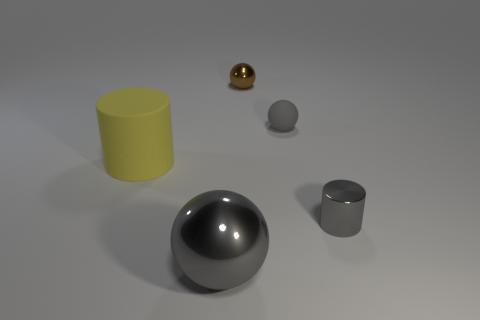Is the color of the metallic sphere in front of the gray matte ball the same as the small rubber sphere?
Your answer should be very brief. Yes. There is a small thing that is the same color as the rubber sphere; what shape is it?
Make the answer very short. Cylinder. What number of large things are either rubber things or brown metal blocks?
Keep it short and to the point. 1. Is the number of large gray metallic objects that are behind the rubber sphere greater than the number of small metal things that are in front of the big yellow matte cylinder?
Your response must be concise. No. What size is the shiny object that is the same color as the big metal ball?
Give a very brief answer. Small. What number of other objects are the same size as the gray shiny ball?
Offer a very short reply. 1. Is the material of the cylinder right of the large ball the same as the small brown ball?
Offer a very short reply. Yes. How many other things are the same color as the big ball?
Offer a terse response. 2. What number of other things are the same shape as the large shiny object?
Ensure brevity in your answer.  2. There is a small thing on the left side of the small gray ball; is its shape the same as the tiny thing that is in front of the yellow matte cylinder?
Ensure brevity in your answer.  No. 
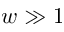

### What the task asks
The expected output is one number: how many lines of the data above hold the string "shape".

### Task solution
3